Tuesday, August 21, 2007

The Reality! The Reality!

A young William Carlos Williams and his mother translated a surrealist novel about a stalker, a prostitute, a murderer, and a gangster who haunt the streets of Paris. Referenced in the beginning of Book 5 of Paterson, Soupault’s Last Nights of Paris is not as racy as it sounds. Perhaps it is only a surrealist who can take the source material for a typical thriller and evacuate it of all thrill, returning the action to everyday. It is cold in tone, evocative of the ennui of city wandering that denizens of the night experience. Were I argue its conceptual strengths, however, I would hide the fact that, for me, the book did not have much going for it except its connection to Paterson. The publishers even tacitly admit this exterior source of literary value by printing the pertinent section of Paterson not once, but twice—as the book’s only blurb and as its epigraph. It may have been an important inpirational source of Williams’ own exploration of intractable urban mystery (here the city is a woman, not a man as Williams would have it). Nevertheless, while there is much promise in a story that starts with a narrator, a dog, a sailor and a prostitute wandering randomly together at 3 in the morning, it was a chore to glimpse the “inviolable secret of Paris” that their journeys turned up.
Of greater interest to me is Louis Aragon’s Paris Peasant (at least the first two parts of it I have so far read), more cryptically referenced in this section of Paterson's Book 5. I was introduced to the book by Holly Tavel who was using it for a summer-term psychogeography course; as she described Paris Peasant, she started to flip through it a few times, a sort of perfunctory gesture of “showing me the book.” What jumped to my eye was the following section, from which Williams seems to have pulled his "la realite! la realite! la rea, la rea, la realite!"(207) Williams is much more tortured (and in the end, impressed) by “the real,” while Aragon is clearly more contemptuous (if only because Williams' “reality” is almost Lacanian in its paradoxical unknowability, whereas for Aragon it is more synonymous with custom, albeit still paradoxical):

The Realities

FABLE

Once upon a time there was a reality
With her own flock of sheep in real wool
And as the king’s son came passing by
The sheep bleated Baaah! How pretty she is
The re the re the reality

Once upon a time there was a reality
Who never could get to sleep at night
And so her fairy godmother
Really took her by the hand
The re the re the reality

Once upon a time there was an old king
Who got very bored as he sat on his throne
His cloak slipped off into the evening
So then they gave him for a queen
The re the re the reality

CODA: Ity ity the rea
Ity ity the reality
The rea the rea
Ty ty The rea
Li
Ty The reality
Once upon a time there was THE REALITY

Aragon’s book is a much more fanciful and detailed exploration of the mysteries of public life in the city than is Soupault’s, and is in more in line with Williams’ aesthetic (menus, news articles, playlets, and street signs are pasted directly into the prose). His subject is the passages—“human aquariums” cut into the shadowy corners of the streets—which threatened to disappear under the impending Haussmannization of Paris. Or rather, the passages frame his various subjects—which include reflections on “blondness,” an accordionist with P-E-S-S-I-M-I-S-M written on the folds of his bellows, bathhouses, shoeblacks, cocktails, and postage stamps.

Labels: , , , , , , ,

2 Comments:

Blogger myshkin2 said...

Joe,
Just happened onto your blog--by way of "wood s lot." I think I remember you from PA Governor's School 20 or so years ago? I fumblingly directed the fiction workshop--and vaguely remember your potential-filled story about someone named mitzi or netty or something like that and a laundromat? Pleased to see that you're tackling the ether now.
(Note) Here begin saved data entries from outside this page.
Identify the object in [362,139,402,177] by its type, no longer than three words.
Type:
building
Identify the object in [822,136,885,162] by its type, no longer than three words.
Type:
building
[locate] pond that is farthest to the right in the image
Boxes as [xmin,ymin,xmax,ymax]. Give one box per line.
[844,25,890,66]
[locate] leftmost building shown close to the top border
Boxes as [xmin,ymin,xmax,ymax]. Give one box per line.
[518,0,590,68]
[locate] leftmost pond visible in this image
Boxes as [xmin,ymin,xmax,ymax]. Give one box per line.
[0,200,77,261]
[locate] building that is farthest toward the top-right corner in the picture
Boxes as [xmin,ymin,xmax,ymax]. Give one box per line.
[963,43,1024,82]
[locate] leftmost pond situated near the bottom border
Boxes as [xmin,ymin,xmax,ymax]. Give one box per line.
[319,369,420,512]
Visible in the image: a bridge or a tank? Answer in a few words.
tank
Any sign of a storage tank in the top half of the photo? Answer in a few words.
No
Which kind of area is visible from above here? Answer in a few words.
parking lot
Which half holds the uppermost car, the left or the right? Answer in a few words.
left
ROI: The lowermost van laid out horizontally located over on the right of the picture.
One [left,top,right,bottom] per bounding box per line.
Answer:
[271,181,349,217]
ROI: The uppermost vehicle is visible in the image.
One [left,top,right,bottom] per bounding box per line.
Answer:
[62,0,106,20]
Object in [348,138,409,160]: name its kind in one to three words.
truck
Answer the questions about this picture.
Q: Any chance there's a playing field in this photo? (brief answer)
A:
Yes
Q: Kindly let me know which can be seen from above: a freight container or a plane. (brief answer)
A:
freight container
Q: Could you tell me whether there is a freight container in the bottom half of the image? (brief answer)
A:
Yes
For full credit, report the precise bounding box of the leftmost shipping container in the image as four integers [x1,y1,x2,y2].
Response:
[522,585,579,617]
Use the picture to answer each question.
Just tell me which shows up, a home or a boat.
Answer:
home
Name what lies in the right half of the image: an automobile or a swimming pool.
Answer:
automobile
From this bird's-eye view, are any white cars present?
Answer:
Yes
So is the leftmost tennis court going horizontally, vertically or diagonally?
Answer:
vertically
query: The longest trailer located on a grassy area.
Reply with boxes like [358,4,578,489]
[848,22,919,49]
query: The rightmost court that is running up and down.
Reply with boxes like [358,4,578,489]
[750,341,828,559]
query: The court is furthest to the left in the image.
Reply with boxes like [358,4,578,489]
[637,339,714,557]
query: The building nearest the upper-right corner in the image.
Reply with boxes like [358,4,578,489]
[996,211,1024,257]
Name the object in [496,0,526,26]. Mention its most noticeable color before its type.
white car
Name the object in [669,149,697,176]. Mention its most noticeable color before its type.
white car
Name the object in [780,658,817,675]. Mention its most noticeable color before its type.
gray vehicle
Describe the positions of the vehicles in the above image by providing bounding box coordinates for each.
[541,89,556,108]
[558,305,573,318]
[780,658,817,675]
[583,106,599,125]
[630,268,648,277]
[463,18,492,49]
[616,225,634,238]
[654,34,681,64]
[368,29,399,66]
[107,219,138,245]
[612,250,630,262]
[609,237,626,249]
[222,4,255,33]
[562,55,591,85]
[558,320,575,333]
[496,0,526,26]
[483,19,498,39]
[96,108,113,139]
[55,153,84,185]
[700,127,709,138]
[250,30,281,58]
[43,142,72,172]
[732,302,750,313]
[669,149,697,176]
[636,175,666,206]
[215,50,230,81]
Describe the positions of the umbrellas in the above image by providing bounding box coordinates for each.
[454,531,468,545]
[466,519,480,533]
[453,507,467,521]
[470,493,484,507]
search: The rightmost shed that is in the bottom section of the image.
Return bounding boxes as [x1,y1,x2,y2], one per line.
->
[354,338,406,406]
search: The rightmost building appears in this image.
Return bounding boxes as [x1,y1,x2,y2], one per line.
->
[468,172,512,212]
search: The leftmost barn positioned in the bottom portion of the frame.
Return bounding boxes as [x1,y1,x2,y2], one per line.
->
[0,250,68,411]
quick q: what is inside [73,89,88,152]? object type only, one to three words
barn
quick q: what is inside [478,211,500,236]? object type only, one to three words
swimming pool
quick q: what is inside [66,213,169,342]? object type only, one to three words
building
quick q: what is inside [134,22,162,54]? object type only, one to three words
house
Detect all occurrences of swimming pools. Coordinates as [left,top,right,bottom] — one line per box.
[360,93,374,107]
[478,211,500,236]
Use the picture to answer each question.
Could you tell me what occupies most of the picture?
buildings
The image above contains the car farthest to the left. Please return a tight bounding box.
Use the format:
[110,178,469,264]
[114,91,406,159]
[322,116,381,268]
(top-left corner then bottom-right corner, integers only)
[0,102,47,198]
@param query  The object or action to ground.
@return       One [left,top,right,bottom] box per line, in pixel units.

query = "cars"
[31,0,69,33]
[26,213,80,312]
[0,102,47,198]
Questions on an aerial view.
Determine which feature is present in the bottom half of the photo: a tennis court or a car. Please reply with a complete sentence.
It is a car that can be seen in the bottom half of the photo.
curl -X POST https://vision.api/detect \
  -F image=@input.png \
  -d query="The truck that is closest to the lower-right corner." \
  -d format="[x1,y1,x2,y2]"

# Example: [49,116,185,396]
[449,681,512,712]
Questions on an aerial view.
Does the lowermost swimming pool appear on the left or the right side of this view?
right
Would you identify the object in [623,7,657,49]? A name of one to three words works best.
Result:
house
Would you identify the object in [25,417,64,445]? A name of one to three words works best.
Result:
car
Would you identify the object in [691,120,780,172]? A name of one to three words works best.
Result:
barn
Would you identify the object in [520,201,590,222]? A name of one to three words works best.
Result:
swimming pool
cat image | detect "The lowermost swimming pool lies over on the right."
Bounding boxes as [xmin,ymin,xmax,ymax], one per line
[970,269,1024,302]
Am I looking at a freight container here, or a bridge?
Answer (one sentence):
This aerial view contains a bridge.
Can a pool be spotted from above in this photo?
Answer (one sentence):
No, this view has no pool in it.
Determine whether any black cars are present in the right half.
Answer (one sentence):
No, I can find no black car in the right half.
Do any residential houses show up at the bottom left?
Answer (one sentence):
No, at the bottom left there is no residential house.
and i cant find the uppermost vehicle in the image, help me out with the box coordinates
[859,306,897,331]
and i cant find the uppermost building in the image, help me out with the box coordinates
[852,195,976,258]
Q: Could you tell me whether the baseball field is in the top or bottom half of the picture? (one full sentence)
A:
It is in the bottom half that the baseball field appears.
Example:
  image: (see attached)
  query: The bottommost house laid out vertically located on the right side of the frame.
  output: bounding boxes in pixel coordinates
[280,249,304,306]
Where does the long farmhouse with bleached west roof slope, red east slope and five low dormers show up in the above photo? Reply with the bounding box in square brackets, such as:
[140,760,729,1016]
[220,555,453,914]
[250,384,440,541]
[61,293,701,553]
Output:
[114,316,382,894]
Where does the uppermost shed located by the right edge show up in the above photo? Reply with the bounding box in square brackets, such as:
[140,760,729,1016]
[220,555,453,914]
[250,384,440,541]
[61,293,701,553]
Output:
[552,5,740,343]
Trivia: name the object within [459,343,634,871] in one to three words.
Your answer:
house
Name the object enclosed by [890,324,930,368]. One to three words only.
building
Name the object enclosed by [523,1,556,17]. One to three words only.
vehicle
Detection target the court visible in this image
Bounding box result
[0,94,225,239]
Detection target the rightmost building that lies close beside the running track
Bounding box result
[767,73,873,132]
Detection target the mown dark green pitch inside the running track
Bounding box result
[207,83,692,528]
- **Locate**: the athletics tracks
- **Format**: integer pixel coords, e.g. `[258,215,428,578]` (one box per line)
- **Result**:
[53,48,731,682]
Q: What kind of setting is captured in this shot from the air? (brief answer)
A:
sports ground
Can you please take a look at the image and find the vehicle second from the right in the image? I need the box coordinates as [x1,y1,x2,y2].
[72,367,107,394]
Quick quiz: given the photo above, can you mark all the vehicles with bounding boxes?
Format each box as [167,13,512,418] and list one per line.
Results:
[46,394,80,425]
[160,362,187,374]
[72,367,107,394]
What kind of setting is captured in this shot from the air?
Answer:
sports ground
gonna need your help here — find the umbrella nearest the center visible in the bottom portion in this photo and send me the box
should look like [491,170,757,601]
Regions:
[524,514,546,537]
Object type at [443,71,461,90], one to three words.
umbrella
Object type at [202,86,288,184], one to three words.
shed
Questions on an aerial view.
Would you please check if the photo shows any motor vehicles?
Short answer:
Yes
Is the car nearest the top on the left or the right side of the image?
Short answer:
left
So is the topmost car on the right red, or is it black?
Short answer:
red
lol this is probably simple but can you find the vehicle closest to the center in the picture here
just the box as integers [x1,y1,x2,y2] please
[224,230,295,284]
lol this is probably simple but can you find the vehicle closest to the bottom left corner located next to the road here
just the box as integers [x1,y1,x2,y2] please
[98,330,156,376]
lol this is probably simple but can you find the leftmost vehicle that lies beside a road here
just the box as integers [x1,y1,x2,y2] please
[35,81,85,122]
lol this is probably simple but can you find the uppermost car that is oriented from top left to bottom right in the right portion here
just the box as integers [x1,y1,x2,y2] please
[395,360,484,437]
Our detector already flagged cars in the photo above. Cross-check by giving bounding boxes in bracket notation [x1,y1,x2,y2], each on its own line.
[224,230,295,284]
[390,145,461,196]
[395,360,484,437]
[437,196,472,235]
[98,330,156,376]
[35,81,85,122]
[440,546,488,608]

http://myshkin2.typepad.com/mysh/

4:54 PM, August 25, 2007  
Blogger Joe Milutis said...

hi leonard. I figured another blog blogged me, because the hits inexplicably lit up the map yesterday. the blogosphere equivalent of having one's ears ring. Feel free to contact me off line and tell me what's up. I've got you aggregated now. And her name was Birchy. Nothing like years and years of unpublished fiction to make you appreciate the approach to vast unpublishable flux that is William Carlos Williams' Paterson.